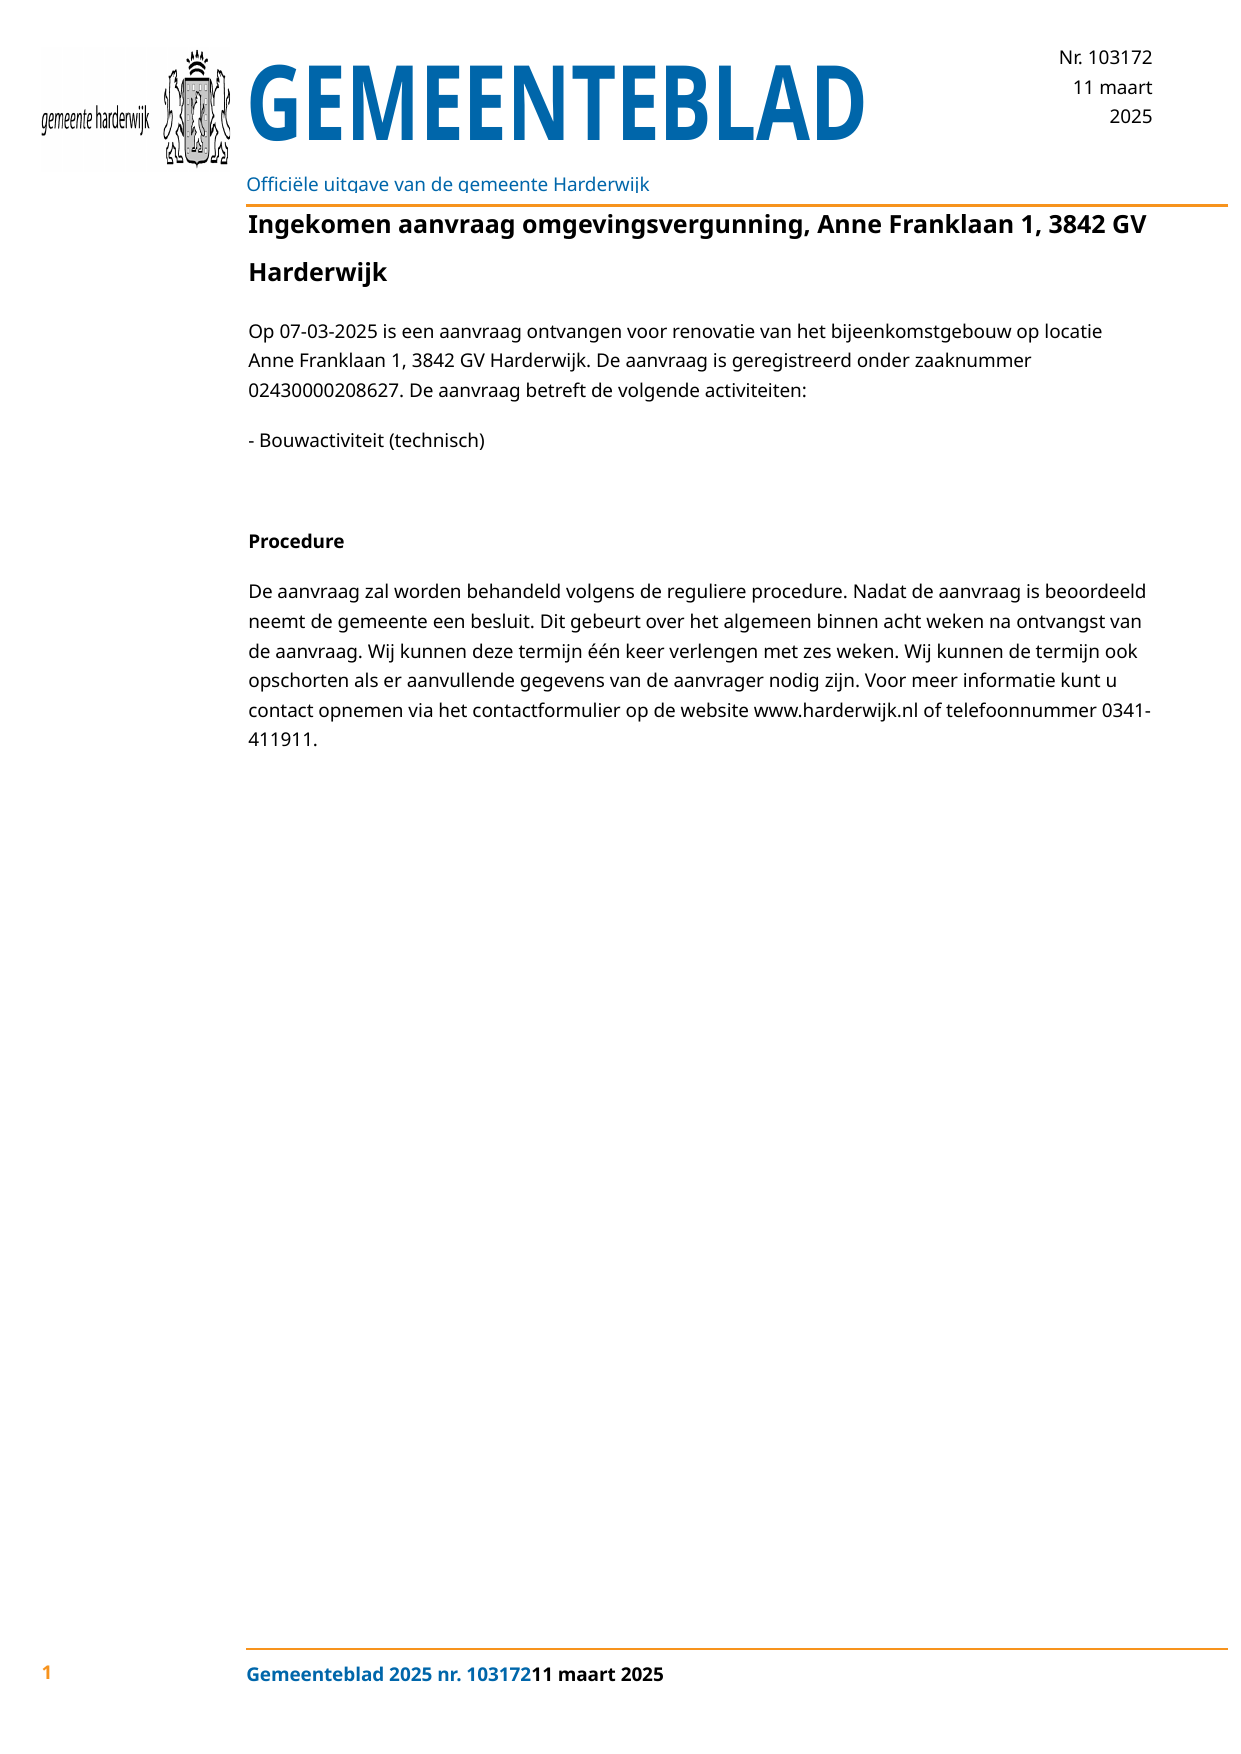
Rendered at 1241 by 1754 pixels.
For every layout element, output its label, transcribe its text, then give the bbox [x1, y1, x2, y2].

picture [41, 47, 231, 172]
text Procedure [248, 528, 1152, 554]
text Op 07-03-2025 is een aanvraag ontvangen voor renovatie van het bijeenkomstgebouw op locatie Anne Franklaan 1, 3842 GV Harderwijk. De aanvraag is geregistreerd onder zaaknummer 02430000208627. De aanvraag betreft de volgende activiteiten: [248, 318, 1152, 403]
text - Bouwactiviteit (technisch) [248, 427, 1152, 453]
text Ingekomen aanvraag omgevingsvergunning, Anne Franklaan 1, 3842 GV Harderwijk [248, 207, 1152, 288]
text De aanvraag zal worden behandeld volgens de reguliere procedure. Nadat de aanvraag is beoordeeld neemt de gemeente een besluit. Dit gebeurt over het algemeen binnen acht weken na ontvangst van de aanvraag. Wij kunnen deze termijn één keer verlengen met zes weken. Wij kunnen de termijn ook opschorten als er aanvullende gegevens van de aanvrager nodig zijn. Voor meer informatie kunt u contact opnemen via het contactformulier op de website www.harderwijk.nl of telefoonnummer 0341-411911. [248, 579, 1152, 752]
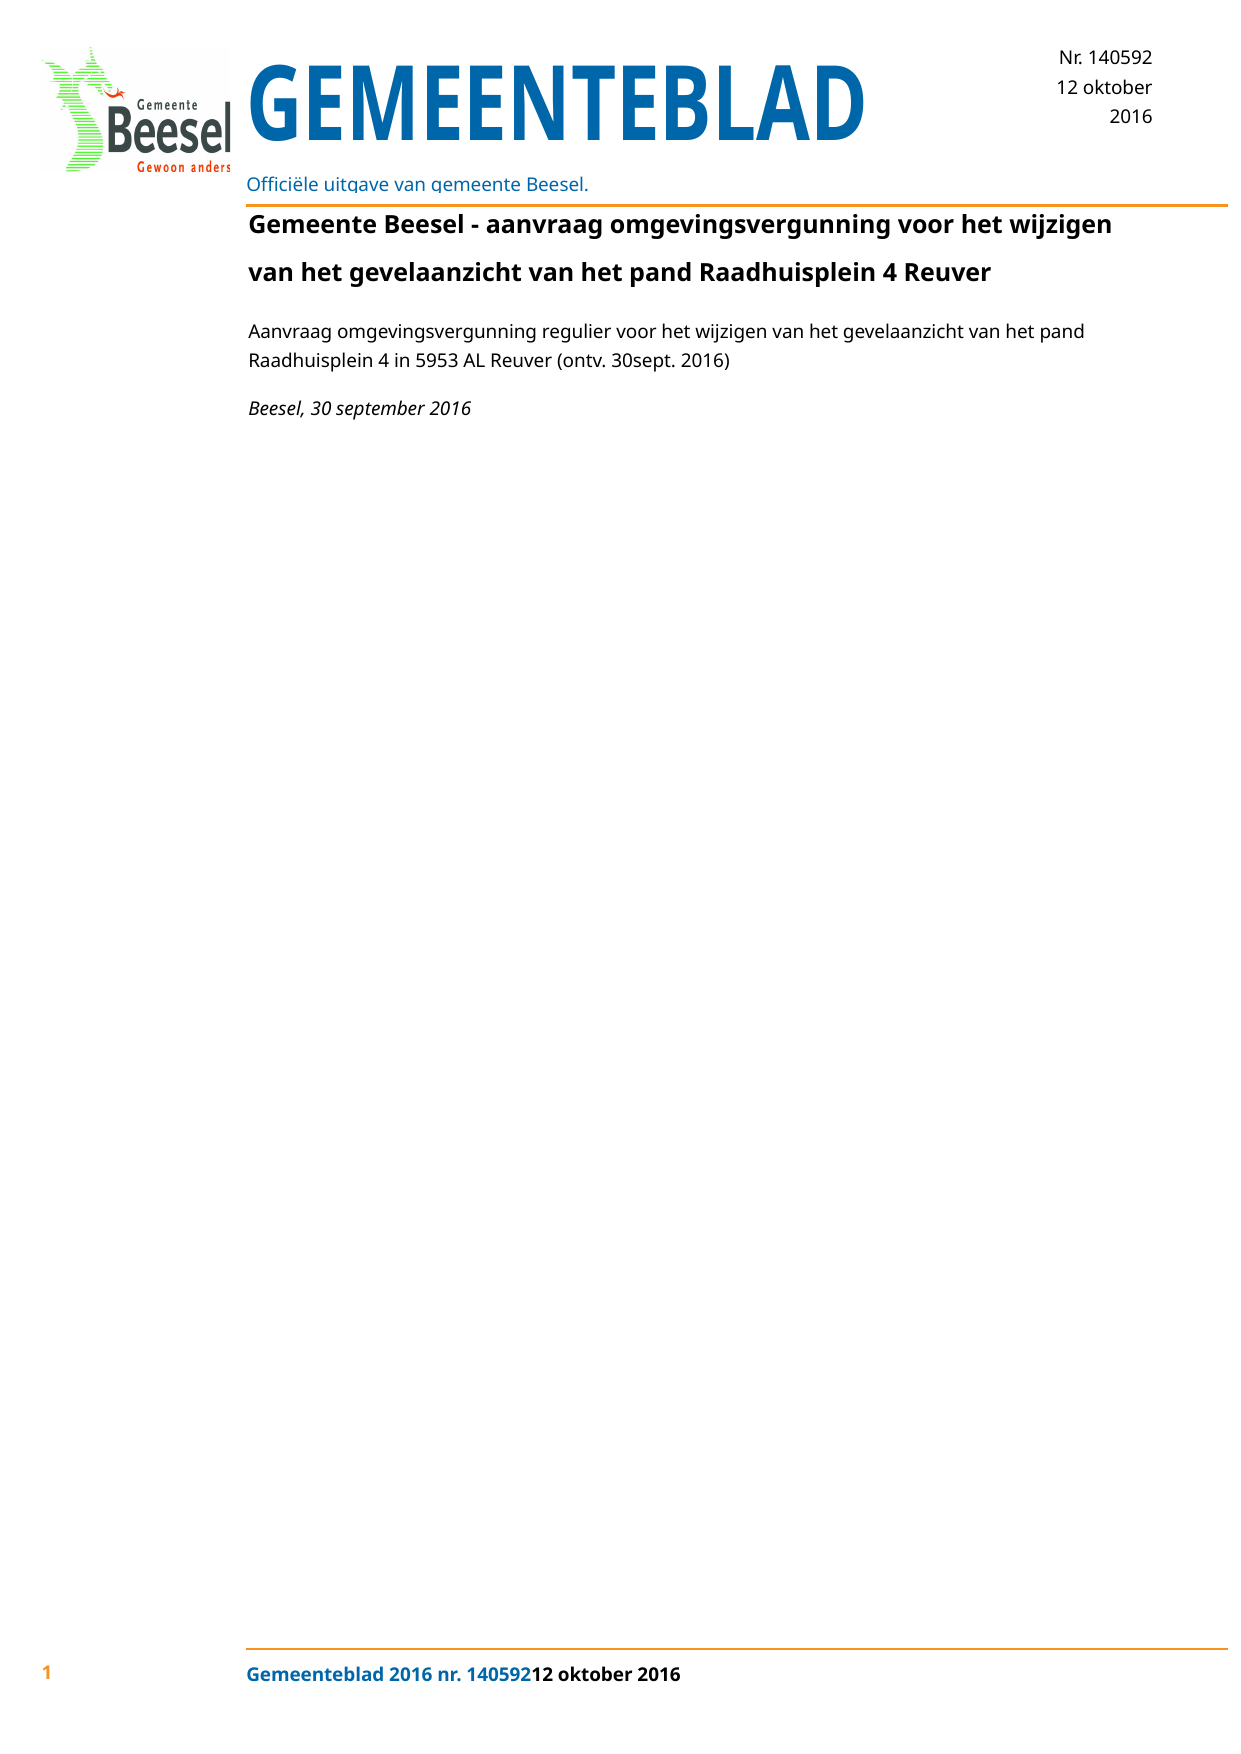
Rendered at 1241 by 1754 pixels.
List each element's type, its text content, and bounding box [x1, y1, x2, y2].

text Gemeente Beesel - aanvraag omgevingsvergunning voor het wijzigen van het gevelaanzicht van het pand Raadhuisplein 4 Reuver [248, 207, 1152, 288]
text Aanvraag omgevingsvergunning regulier voor het wijzigen van het gevelaanzicht van het pand Raadhuisplein 4 in 5953 AL Reuver (ontv. 30sept. 2016) [248, 318, 1152, 373]
text Beesel, 30 september 2016 [248, 395, 1152, 421]
picture [41, 47, 231, 172]

• • • • •

**WHAT YOU HAVE TO DO**:
The answer is the complete set of records, copied exactly, with pictures omitted.

**ANSWER BOX**:
Rendered at 1241 by 1754 pixels.
For every layout element, output its label, transcribe its text, then give the bbox [x1, y1, x2, y2].

picture [41, 47, 231, 172]
text Procedure [248, 528, 1152, 554]
text Op 07-03-2025 is een aanvraag ontvangen voor renovatie van het bijeenkomstgebouw op locatie Anne Franklaan 1, 3842 GV Harderwijk. De aanvraag is geregistreerd onder zaaknummer 02430000208627. De aanvraag betreft de volgende activiteiten: [248, 318, 1152, 403]
text - Bouwactiviteit (technisch) [248, 427, 1152, 453]
text Ingekomen aanvraag omgevingsvergunning, Anne Franklaan 1, 3842 GV Harderwijk [248, 207, 1152, 288]
text De aanvraag zal worden behandeld volgens de reguliere procedure. Nadat de aanvraag is beoordeeld neemt de gemeente een besluit. Dit gebeurt over het algemeen binnen acht weken na ontvangst van de aanvraag. Wij kunnen deze termijn één keer verlengen met zes weken. Wij kunnen de termijn ook opschorten als er aanvullende gegevens van de aanvrager nodig zijn. Voor meer informatie kunt u contact opnemen via het contactformulier op de website www.harderwijk.nl of telefoonnummer 0341-411911. [248, 579, 1152, 752]
Rendered at 1241 by 1754 pixels.
List each element's type, its text content, and bounding box [x1, y1, x2, y2].

text Gemeente Beesel - aanvraag omgevingsvergunning voor het wijzigen van het gevelaanzicht van het pand Raadhuisplein 4 Reuver [248, 207, 1152, 288]
text Aanvraag omgevingsvergunning regulier voor het wijzigen van het gevelaanzicht van het pand Raadhuisplein 4 in 5953 AL Reuver (ontv. 30sept. 2016) [248, 318, 1152, 373]
text Beesel, 30 september 2016 [248, 395, 1152, 421]
picture [41, 47, 231, 172]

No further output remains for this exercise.